O grupo conta com mais de 3.700 membros escritos. Tem como proposta acolher gestantes, profissionais e ativistas da humanização do parto e nascimento, objetivando acolher aquelas mulheres que desejam ter um parto humanizado, sanar possíveis dúvidas e discutir sobre distintas possibilidades de equipes de assistência e situação dos atendimentos hospitalares em Campinas e Região. Mais informações acessar: < https://www.facebook.com/groups/partohumanizado1/about/ > Acesso em: 26 jan. 2018.

LX Algumas entrevistadas solicitaram que a entrevista fosse realizada via Skype por conta da logística com os bebês.

Quanto às questões institucionais, houve um fato analisador junto ao processo do acesso às maternidades. Segundo Lourau89, o conceito de analisador refere-se aos acontecimentos reveladores e catalisadores, efeitos de uma configuração institucional que agem sobre ela. São acontecimentos reveladores porque dissolvem o saber instituído, e catalisadores porque modificam as relações de força constitutivas das formas de representação instituída. Portanto, são manifestações que não estão em conformidade com o instituído e se encarregam da operação da análise, que não estaria a encargo do analista.

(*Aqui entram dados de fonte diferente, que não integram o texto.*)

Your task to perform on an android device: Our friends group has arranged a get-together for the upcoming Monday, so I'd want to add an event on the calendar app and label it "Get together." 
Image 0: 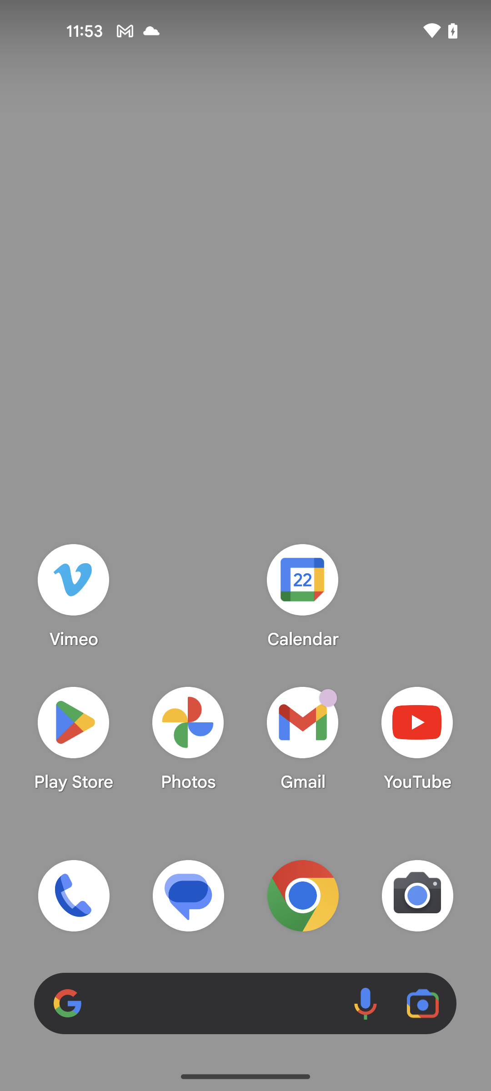
open the Calendar app
Step 0: open app "Calendar"
Image 1: 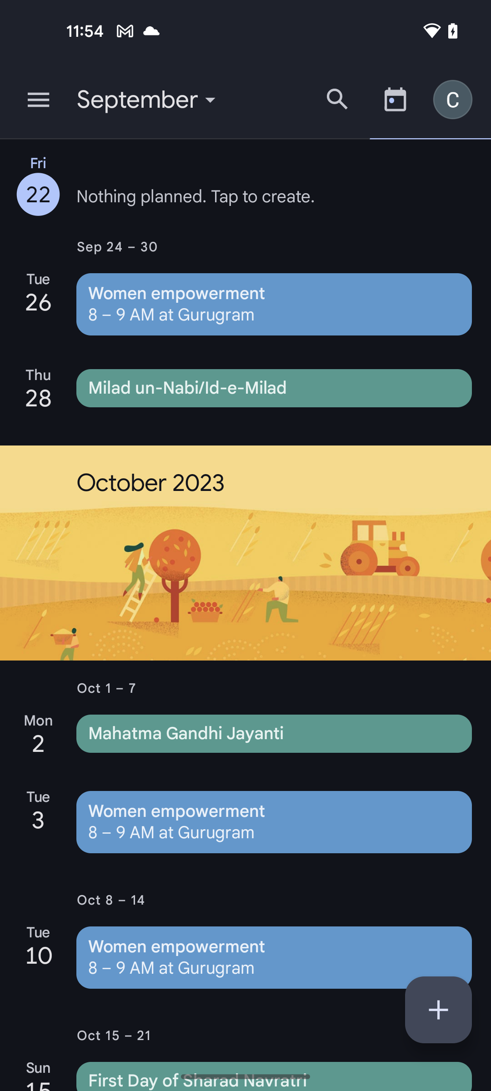
click on the add button at the bottom right corner of the screen
Step 1: click (438, 1010)
Image 2: 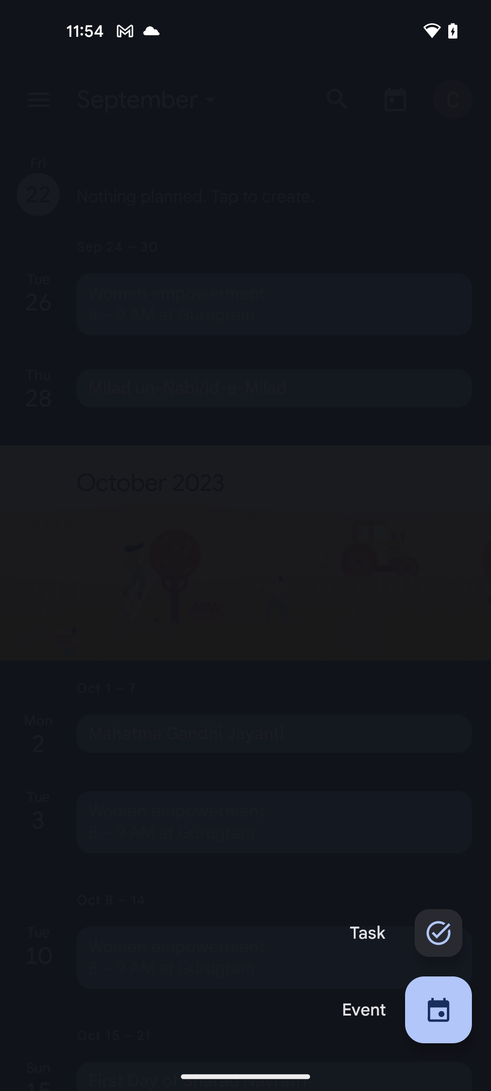
select event option
Step 2: click (438, 1010)
Image 3: 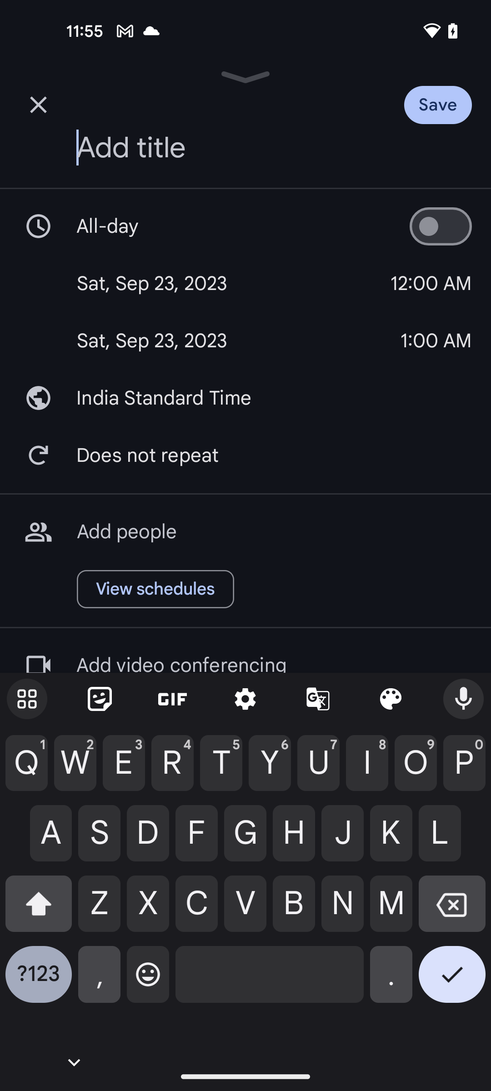
enter title name Get-Together
Step 3: type "Get - Together"
Image 4: 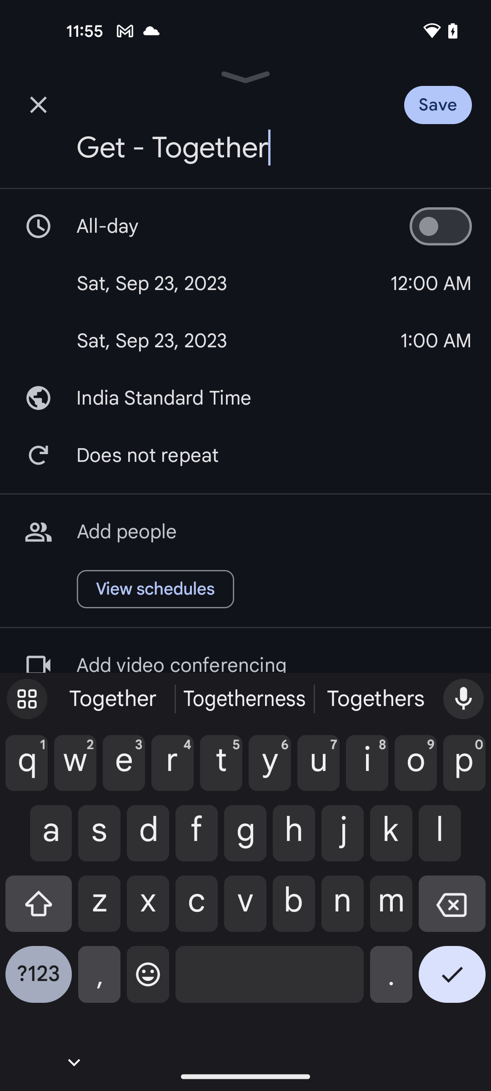
click on the date
Step 4: click (233, 283)
Image 5: 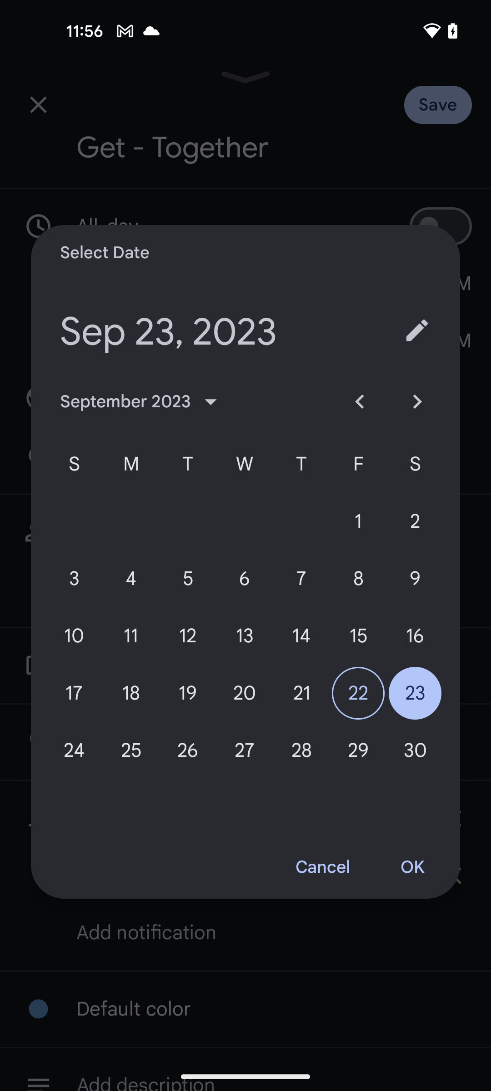
select 25 september
Step 5: click (130, 750)
Image 6: 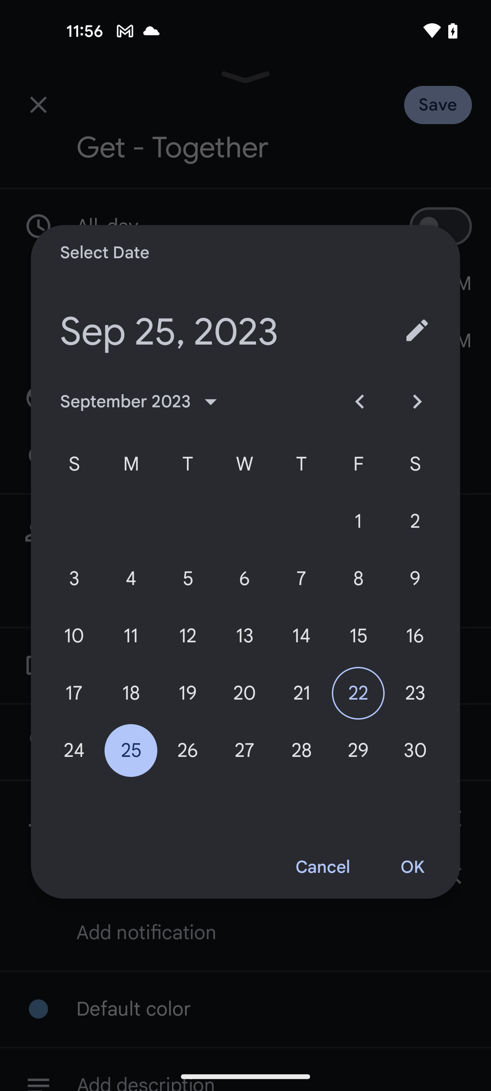
click on the ok button
Step 6: click (412, 867)
Image 7: 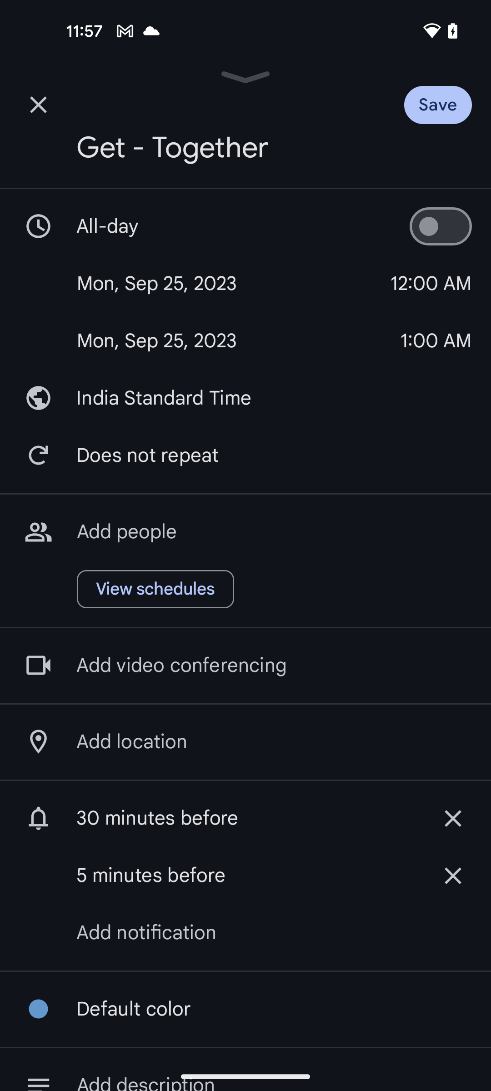
click on the save button at the top right corner of the screen
Step 7: click (457, 99)

Os analisadores são importantes dentro da perspectiva institucionalista, a qual não tem por pretensão construir um conjunto explicativo, mas, sim, apresentar os elementos de determinada conjuntura.

Pois bem, apesar da coordenação do Distrito Norte de Saúde de Campinas ter comunicado que a maioria de suas usuárias realizava os partos na Maternidade de Campinas, por conta dos critérios estabelecidos na pesquisa quanto ao SUS e planos privados, optamos pelas duas maternidades. Entretanto, de formas distintas, o acesso às mulheres via maternidades não ocorreu. Em se tratando da Maternidade de Campinas, foi realizada tentativa direta de visita à maternidade, porém necessitava de agendamento. Após tentativas por contato telefônico e e-mail, nenhuma resposta foi dada.

Quanto à Maternidade da PUC, após contato telefônico, um e-mail foi enviado e a resposta emitida foi que por conta da alta demanda das pesquisas e atividades realizadas pelos próprios alunos da instituição, temporariamente, o acesso de outros pesquisadores estava suspenso. Tais acontecimentos além de inerentes ao processo de uma pesquisa de campo – que lida mais diretamente com os imprevistos da realidade, exigindo um repensar constante das estratégias aplicadas – servem para pensar sobre as entrelinhas do processo. Por que o acesso direto às maternidades foi negado? Será que houve receio de se sentirem avaliadas, apesar deste não ser o objetivo direto da pesquisa?

É importante destacar que todo o processo da pesquisa em campo apenas foi executado após a aprovação do Comitê de Ética em Pesquisa da Unicamp – Campus Campinas através do CAE 61922916.5.0000.5404 (Anexo II).